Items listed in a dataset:
-------------------------
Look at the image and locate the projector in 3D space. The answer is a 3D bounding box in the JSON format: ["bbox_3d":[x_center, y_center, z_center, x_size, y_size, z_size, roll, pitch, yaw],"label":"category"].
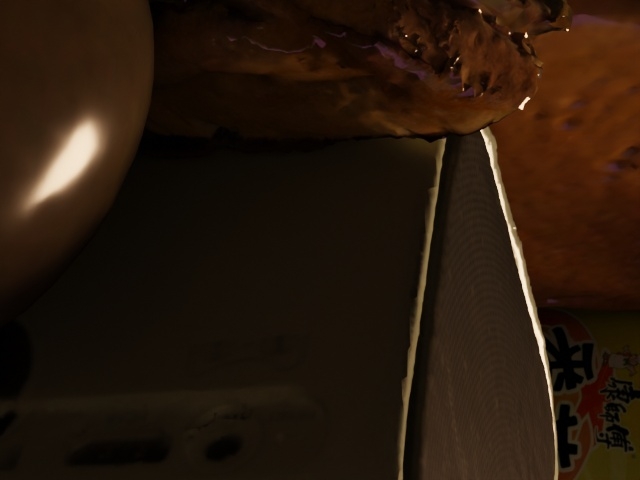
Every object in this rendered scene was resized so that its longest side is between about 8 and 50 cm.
[{"bbox_3d":[-0.047,0.099,0.541,0.249,0.249,0.248,-5,133,17],"label":"projector"}]

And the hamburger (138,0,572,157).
[{"bbox_3d":[-0.014,-0.090,0.447,0.176,0.087,0.102,1,153,26],"label":"hamburger"}]

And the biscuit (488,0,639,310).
[{"bbox_3d":[0.076,-0.041,0.633,0.351,0.057,0.312,-3,155,11],"label":"biscuit"}]

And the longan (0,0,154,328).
[{"bbox_3d":[-0.157,-0.047,0.387,0.212,0.198,0.198,18,176,23],"label":"longan"}]

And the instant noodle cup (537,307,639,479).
[{"bbox_3d":[0.134,0.135,0.847,0.200,0.264,0.264,3,170,19],"label":"instant noodle cup"}]
-------------------------
§ **Your goal**
The expected output is the lines from the one with "And the hamburger (138,0,572,157)." through the end of the data, exactly as written and nothing more.

§ **Answer for the task**
And the hamburger (138,0,572,157).
[{"bbox_3d":[-0.014,-0.090,0.447,0.176,0.087,0.102,1,153,26],"label":"hamburger"}]

And the biscuit (488,0,639,310).
[{"bbox_3d":[0.076,-0.041,0.633,0.351,0.057,0.312,-3,155,11],"label":"biscuit"}]

And the longan (0,0,154,328).
[{"bbox_3d":[-0.157,-0.047,0.387,0.212,0.198,0.198,18,176,23],"label":"longan"}]

And the instant noodle cup (537,307,639,479).
[{"bbox_3d":[0.134,0.135,0.847,0.200,0.264,0.264,3,170,19],"label":"instant noodle cup"}]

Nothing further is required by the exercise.